The local ordinances and issuances found in the portal are tagged according to Thematic Clusters – ranging from ordinances on the First 1000 Days Program, ordinances on food security, Barangay Nutrition Scholars, and more. A total of 10 major Thematic Clusters can be accessed in the portal, with specific sub-clusters found in several themes. Additional thematic clusters may be added as they emerge.
This clustering allows users to see groups of related ordinances under specific areas of concern in local nutrition programming. The following section describes each of the Thematic Clusters of the Compendium.
First 1000 Days
The First 1000 Days is one of the strategic thrusts of PPAN 2017-2022 to address stunting and other forms of malnutrition. It refers to the period of a child's life, spanning the nine (9) months in the womb starting from conception to the first twenty-four (24) months of life, considered to be the critical window of opportunity to promote health and development and prevent malnutrition and its life-long consequences.
Local governments have pursued the adoption of the RA 11148 – First 1000 Days Law, and the institutionalization of the strategy by enacting ordinances on the First 1000 Days, specifying the package of services and interventions to be provided to those who are nutritionally-at-risk, especially pregnant and lactating women, particularly teenage mothers, women of reproductive age, adolescent girls, and all children who are newly born up to age twenty-four months. Such ordinances also define the coordinating and implementing mechanisms to ensure optimum first 1000 days service delivery within the LGU.
First 1000 Days-Specific
Local governments have enacted ordinances on specific programs that ensure the nutritional wellbeing of mothers and children across the individual life stages of the First 1000 Days of life, from pregnancy, infancy, up to toddlerhood. Ordinances within this thematic cluster aim to ensure quality and coverage of critical interventions in the first 1000 days such as, but not limited to, complete prenatal visits, exclusive breastfeeding, micronutrient supplementation, and dietary supplementation for pregnant women and children 6-23 months old.
Nutrition-supportive
Nutrition supportive ordinances are local legislative efforts that aim to address the underlying causes of malnutrition such as insufficient access to health services and an unhealthy environment. Ordinances under this cluster ensure that programs on health, water and sanitation reach the people, particularly the nutritionally-vulnerable groups, subsequently ensuring an enabling environment for the achievement of positive nutrition outcomes.
Food Security
The cluster on Food Security includes ordinances that ensure that people at all times, have physical, social, and economic access to sufficient, safe, and nutritious food that meets their food preferences and dietary needs for an active and healthy life. Ordinances around food production including household and community food gardens, livelihood, and employment generation in the communities along with similar ordinances are part of this cluster. Many of these projects are considered under the Nutrition-sensitive Program of the PPAN 2017-2022.
Codes
Codes have been enacted by local governments to provide a comprehensive guiding reference to various instrumentalities of local government and the constituency on broad development concerns within the LGU such as health, children’s rights and welfare, and gender and development. Nutrition as a multisectoral concern has been built into these various codes which has facilitated effective implementation of nutrition programs, projects, and activities in the LGU.

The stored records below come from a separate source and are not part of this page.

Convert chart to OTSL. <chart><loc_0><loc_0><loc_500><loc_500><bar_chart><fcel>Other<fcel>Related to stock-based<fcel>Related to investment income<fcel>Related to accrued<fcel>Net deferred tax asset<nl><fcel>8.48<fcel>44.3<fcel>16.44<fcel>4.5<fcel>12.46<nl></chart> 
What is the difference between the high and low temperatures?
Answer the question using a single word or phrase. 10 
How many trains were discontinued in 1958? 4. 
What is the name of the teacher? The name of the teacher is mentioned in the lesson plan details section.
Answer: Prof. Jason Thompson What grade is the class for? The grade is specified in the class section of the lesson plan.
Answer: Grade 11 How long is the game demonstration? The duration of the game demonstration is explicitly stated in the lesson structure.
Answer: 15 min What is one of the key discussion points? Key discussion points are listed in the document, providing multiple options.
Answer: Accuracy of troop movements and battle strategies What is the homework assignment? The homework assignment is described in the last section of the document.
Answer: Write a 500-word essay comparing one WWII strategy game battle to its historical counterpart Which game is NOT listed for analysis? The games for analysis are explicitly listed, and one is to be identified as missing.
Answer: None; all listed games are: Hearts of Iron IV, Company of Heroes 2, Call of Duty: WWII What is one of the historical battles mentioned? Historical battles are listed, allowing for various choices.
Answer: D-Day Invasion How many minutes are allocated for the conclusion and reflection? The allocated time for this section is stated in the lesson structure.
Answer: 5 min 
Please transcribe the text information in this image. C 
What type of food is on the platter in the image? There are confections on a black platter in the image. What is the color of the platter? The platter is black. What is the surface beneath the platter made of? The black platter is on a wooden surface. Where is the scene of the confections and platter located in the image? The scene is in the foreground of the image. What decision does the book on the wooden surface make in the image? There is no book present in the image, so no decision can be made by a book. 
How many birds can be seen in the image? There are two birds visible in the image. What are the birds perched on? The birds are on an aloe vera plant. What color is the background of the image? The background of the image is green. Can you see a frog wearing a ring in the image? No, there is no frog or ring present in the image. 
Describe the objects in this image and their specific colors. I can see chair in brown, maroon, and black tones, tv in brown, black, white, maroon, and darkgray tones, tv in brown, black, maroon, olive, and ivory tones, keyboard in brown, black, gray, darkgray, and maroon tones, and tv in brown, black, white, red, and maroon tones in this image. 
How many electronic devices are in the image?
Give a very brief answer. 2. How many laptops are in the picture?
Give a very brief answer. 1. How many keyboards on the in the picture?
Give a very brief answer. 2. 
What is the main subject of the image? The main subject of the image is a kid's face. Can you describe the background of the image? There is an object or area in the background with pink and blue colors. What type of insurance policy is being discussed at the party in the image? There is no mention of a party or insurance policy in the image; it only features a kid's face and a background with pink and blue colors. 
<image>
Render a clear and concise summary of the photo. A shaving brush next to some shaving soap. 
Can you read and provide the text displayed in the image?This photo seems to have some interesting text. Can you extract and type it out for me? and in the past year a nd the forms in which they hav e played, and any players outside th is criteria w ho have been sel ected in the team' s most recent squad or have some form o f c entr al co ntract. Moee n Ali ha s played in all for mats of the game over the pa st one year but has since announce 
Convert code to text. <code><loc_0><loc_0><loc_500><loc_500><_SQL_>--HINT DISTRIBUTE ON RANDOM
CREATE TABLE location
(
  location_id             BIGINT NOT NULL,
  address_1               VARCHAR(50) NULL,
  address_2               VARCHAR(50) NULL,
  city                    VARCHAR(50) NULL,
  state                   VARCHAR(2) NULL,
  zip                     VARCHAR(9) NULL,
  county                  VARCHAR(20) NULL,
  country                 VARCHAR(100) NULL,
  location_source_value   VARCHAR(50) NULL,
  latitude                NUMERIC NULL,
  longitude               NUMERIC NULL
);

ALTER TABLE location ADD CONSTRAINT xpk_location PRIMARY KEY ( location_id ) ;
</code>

Nutrition Education and Promotion
Nutrition education and promotion is an important facet of local nutrition programs where constituents are provided with reliable and useful nutrition information that will translate into positive knowledge, attitudes, and practices across target groups. Programs in pursuant of this are institutionalized into ordinances enacted by local governments in recognition of the need to communicate nutrition knowledge in the LGU.
Program Management
Institutionalization of nutrition programs are pursued through the enactment of ordinances that define the nutrition program, its coverage, components, and the coordinating and implementing mechanisms that will ensure effective local nutrition program management within the LGU. Ordinances within this cluster ensure that program structures are in place and are effectively implemented by the involved offices in the LGU.
Human Resources
Effective local nutrition program management requires a human resource base that is harnessed by the LGU to coordinate and deliver the services to the constituents, with quality and coverage. In this regard, local governments have enacted ordinances that create, organize, as well as compensate the nutrition human resource requirement of the LGU, from nutrition officers, nutritionist-dietitians, and the frontline nutrition workers – the Barangay Nutrition Scholars (BNS).
Regulation
Various regulatory laws have been passed by the national government that aim to protect the rights of the people to good nutrition and help facilitate the achievement of positive nutrition outcomes among the people. These laws and issuances are adopted and operationalized by local governments through the enactment of local ordinances that respond and adapt the said national policies into the local setting.
Ordinances tagged under Regulation can be further clustered into ordinances on food fortification, salt iodization, healthy foods for schoolchildren, and food safety.
Financing
Financing is an important component of effective local nutrition program implementation. There are ordinances enacted by local governments which feature innovative financing strategies, such as taxation, percentage allocations, and supplemental appropriations, to secure budgets for their local nutrition programs.